The novel tells the story of Emma Bovary, a commoner wife of a country doctor, and her attempts to escape the drudgery of day-to-day mediocrity by engaging in adulterous affairs and overspending on luxuries. She remains unsatisfied even though her husband adores her and they want for little, and her shallowness eventually leads to their ruin.
The story was first serialized in Revue de Paris, where prosecutors tried to have it censored for obscenity, arguing that not only is the story immoral, but that realism as a literary style is an offence against art and decency. The trial only served to increase the story’s fame, and when it was published as a single novel it quickly became a bestseller.

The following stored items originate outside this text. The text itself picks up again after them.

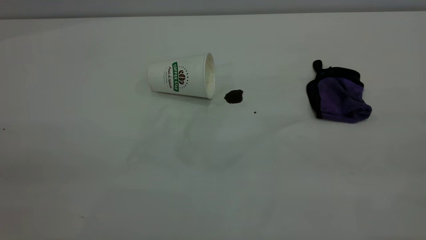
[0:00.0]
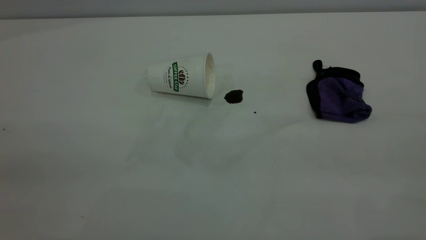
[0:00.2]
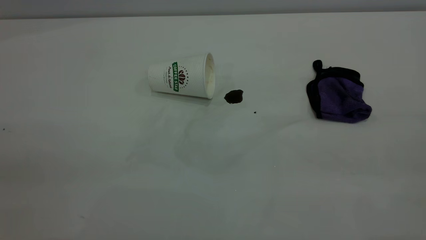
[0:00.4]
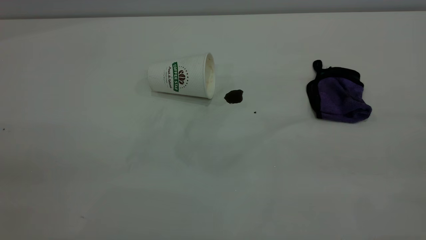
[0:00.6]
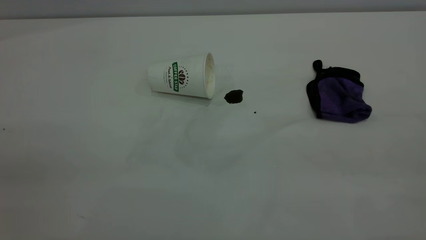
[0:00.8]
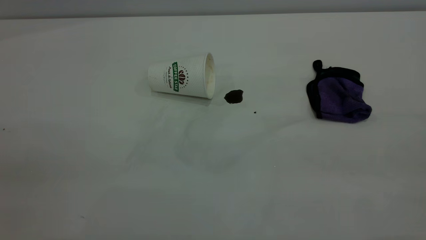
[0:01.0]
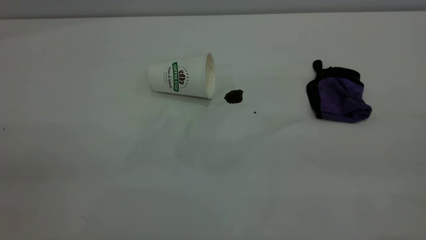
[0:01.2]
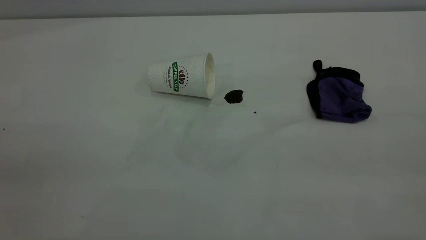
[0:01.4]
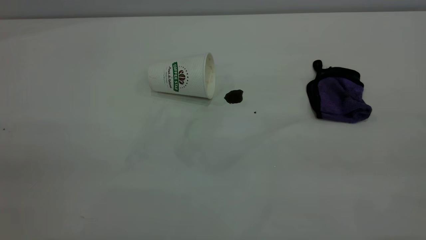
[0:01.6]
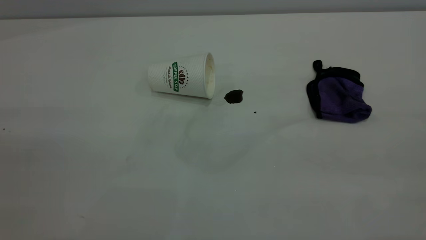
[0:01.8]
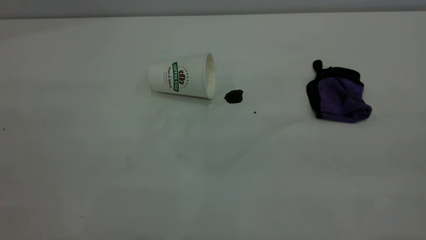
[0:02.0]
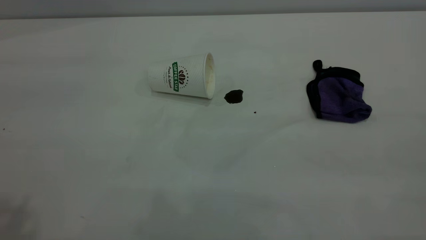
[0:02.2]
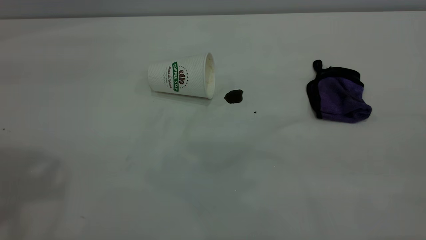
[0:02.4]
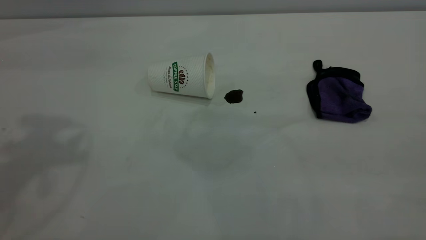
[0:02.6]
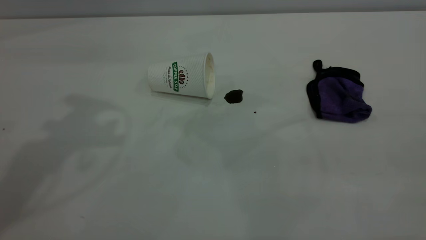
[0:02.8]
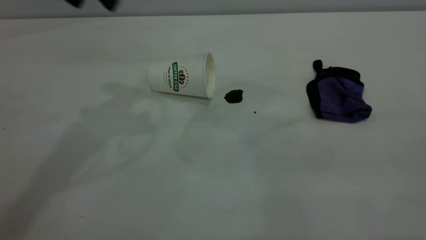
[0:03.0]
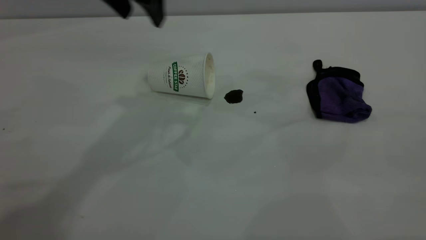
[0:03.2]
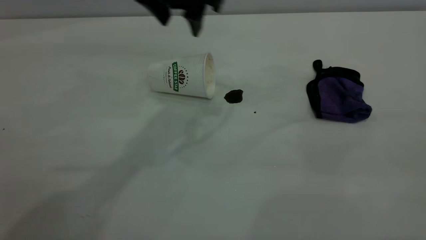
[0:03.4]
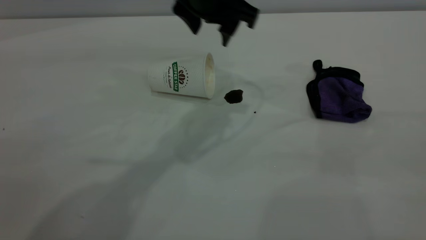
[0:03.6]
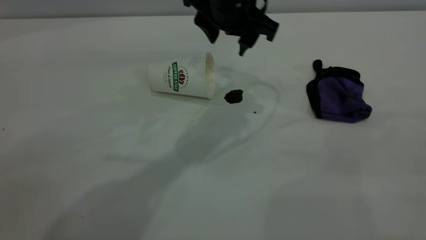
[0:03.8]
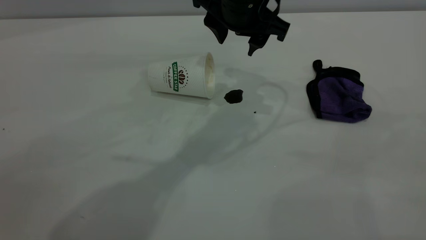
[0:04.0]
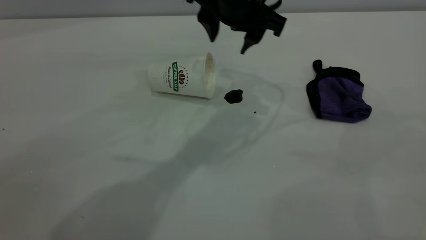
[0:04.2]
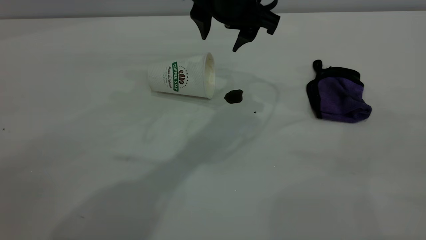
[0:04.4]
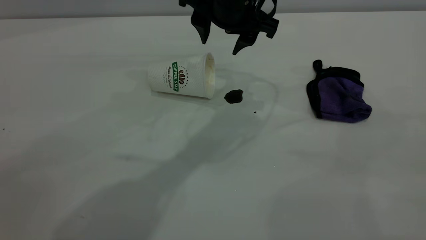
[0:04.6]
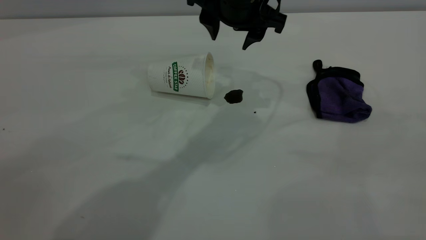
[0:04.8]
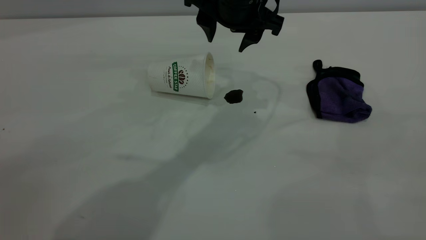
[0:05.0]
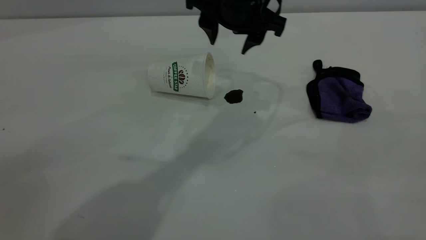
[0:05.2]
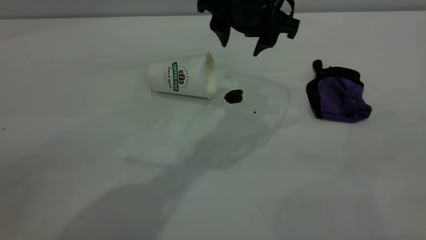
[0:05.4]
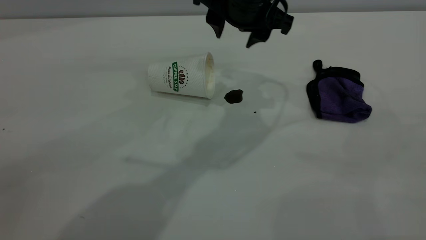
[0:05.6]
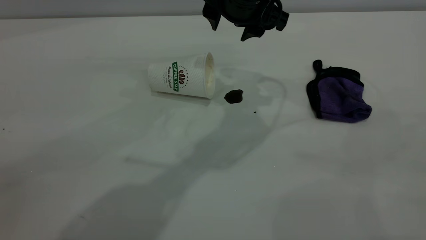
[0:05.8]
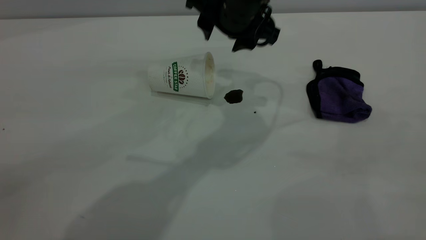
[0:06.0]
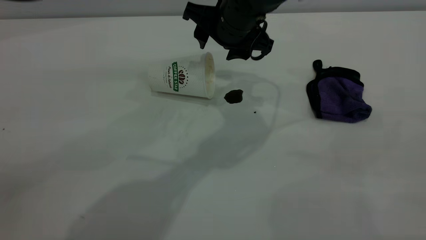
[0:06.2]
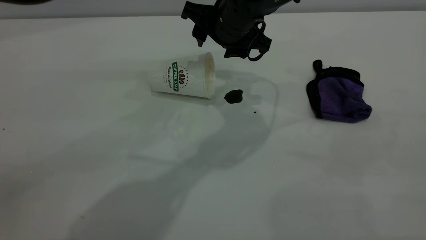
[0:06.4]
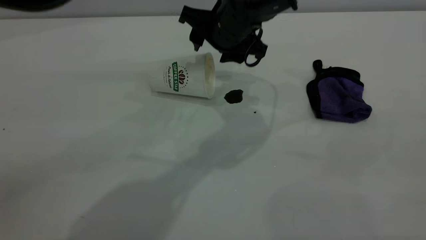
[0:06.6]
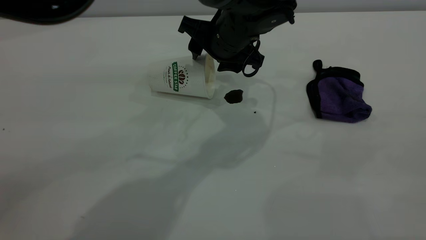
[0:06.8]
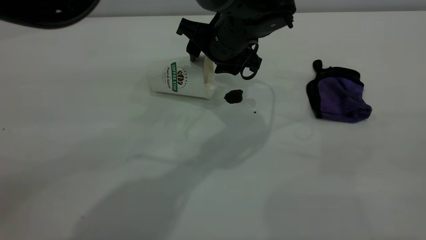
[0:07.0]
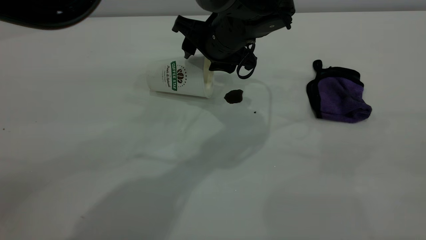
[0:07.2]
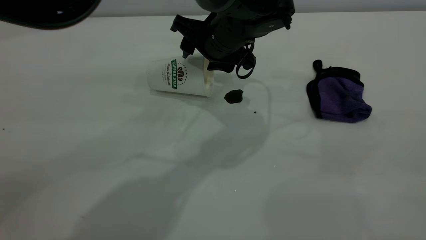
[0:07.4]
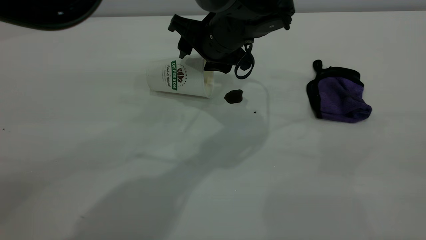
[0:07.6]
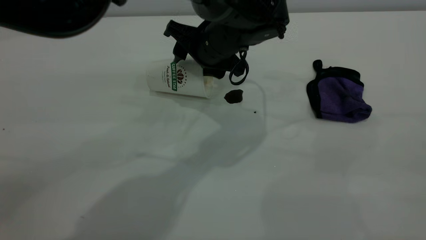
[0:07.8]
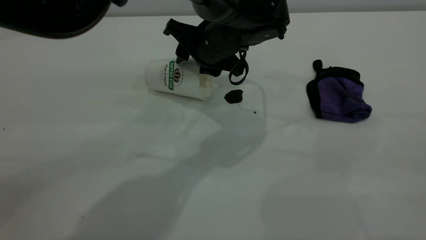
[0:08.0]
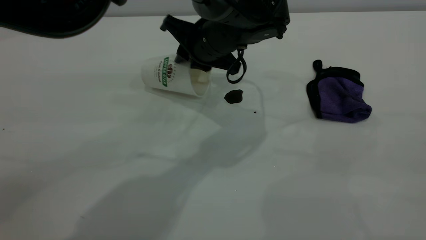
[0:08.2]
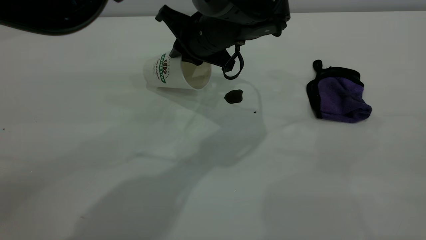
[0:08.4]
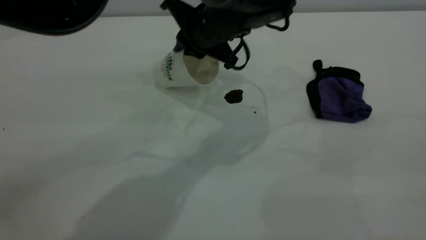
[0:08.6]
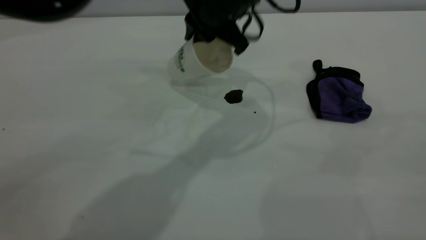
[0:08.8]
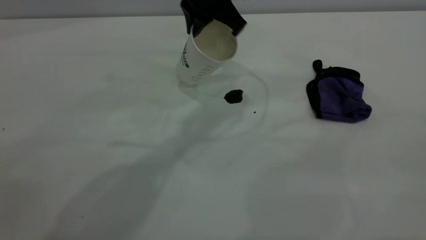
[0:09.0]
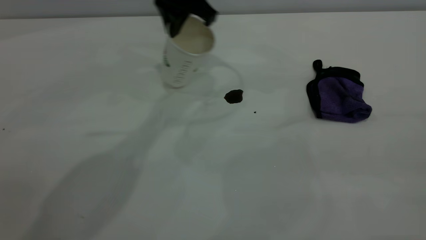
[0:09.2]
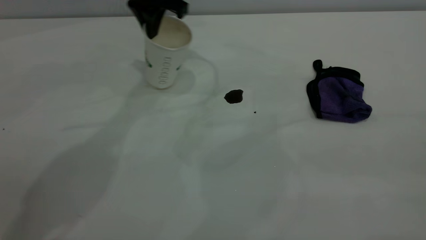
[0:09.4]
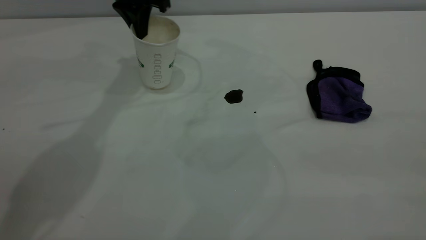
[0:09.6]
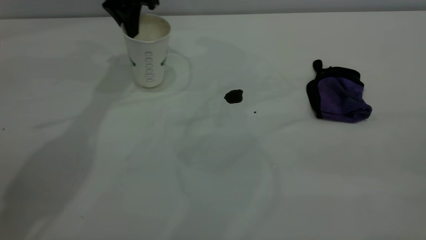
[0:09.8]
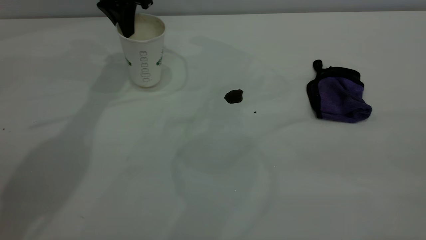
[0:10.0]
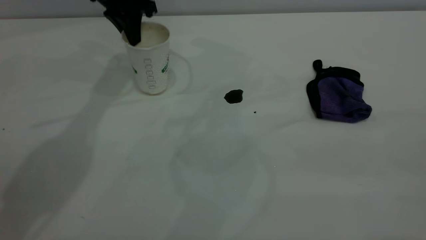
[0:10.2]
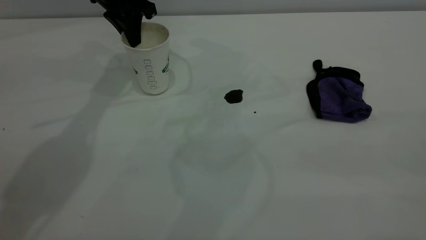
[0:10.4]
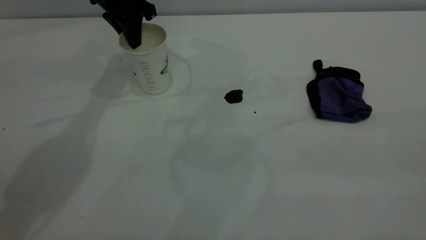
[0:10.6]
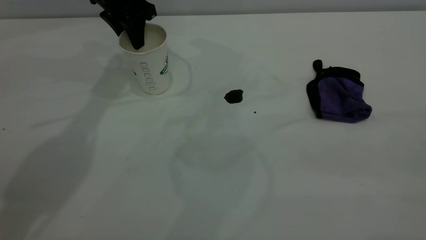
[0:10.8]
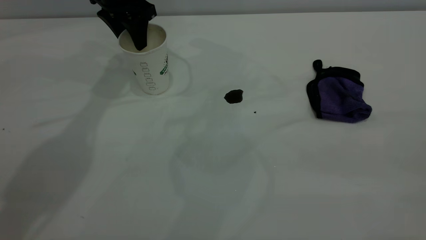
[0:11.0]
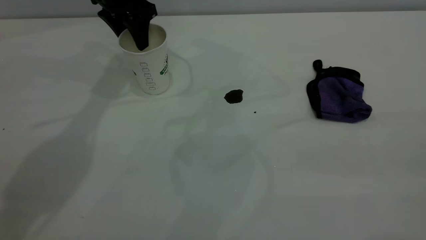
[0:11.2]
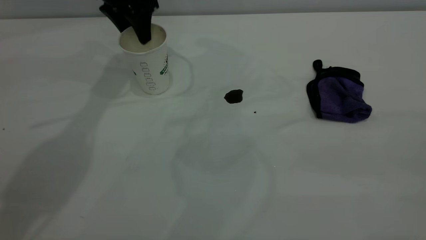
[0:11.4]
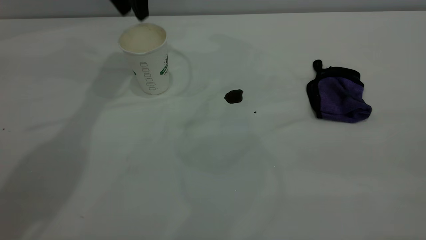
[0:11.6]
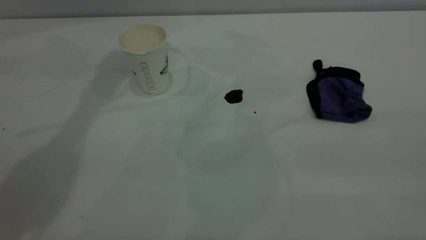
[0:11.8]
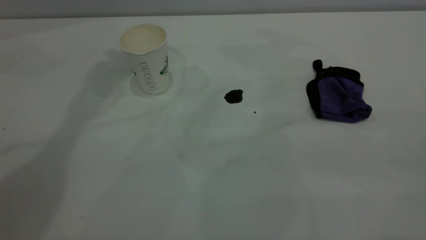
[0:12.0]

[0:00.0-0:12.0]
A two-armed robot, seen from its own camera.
Task of the whole recording: the left gripper pick up the fallen cup and place it upright, the right gripper grasp the purple rag and wipe the coffee stain on the table, the right gripper put the purple rag back in its original position.
Step, 0:00.0 to 0:11.4: Stand the paper cup upright.
0:00.0 to 0:01.6: Both grippers stay about where they are.
0:03.0 to 0:04.4: The left gripper heads to the right and downward, covering about 20 cm.
0:04.4 to 0:06.0: The grippers move only a little.
0:06.0 to 0:07.6: The left gripper ends up approximately 5 cm from where it was.
0:07.6 to 0:09.0: The left gripper travels upward by approximately 10 cm, and closes.
0:09.0 to 0:10.4: The left gripper shifts some 20 cm to the left and forward.
0:10.4 to 0:12.0: The left gripper travels upward by about 20 cm, and opens its fingers.

The novel is groundbreaking in its emphasis on the psychological and emotional lives of its characters. Literature up to then had mostly focusing on the external events that make characters react, instead of focusing on the internal thought processes of those characters. Madame Bovary changed that forever. It was also revolutionary in its criticism of the middle class, which at the time was a still-new social class vying for elbow room between the working poor and hereditary aristocracy. Flaubert critiqued the middle class as being ambitious, shallow, greedy, materialistic, and totally without culture; Emma’s burning desire to reach even higher social strata, contrasted against that satisfaction being fundamentally denied to her by her middle-class nature, is an early echo of Marx’s theory of alienation in industrial societies.
Today Madame Bovary, with its careful but charming description of the banality of everyday life, is considered the first great example of literary realism in fiction novels. Eleanor Marx-Aveling’s translation, though over a hundred years old, is remarkably fresh and smooth, and is a pleasure even for modern readers.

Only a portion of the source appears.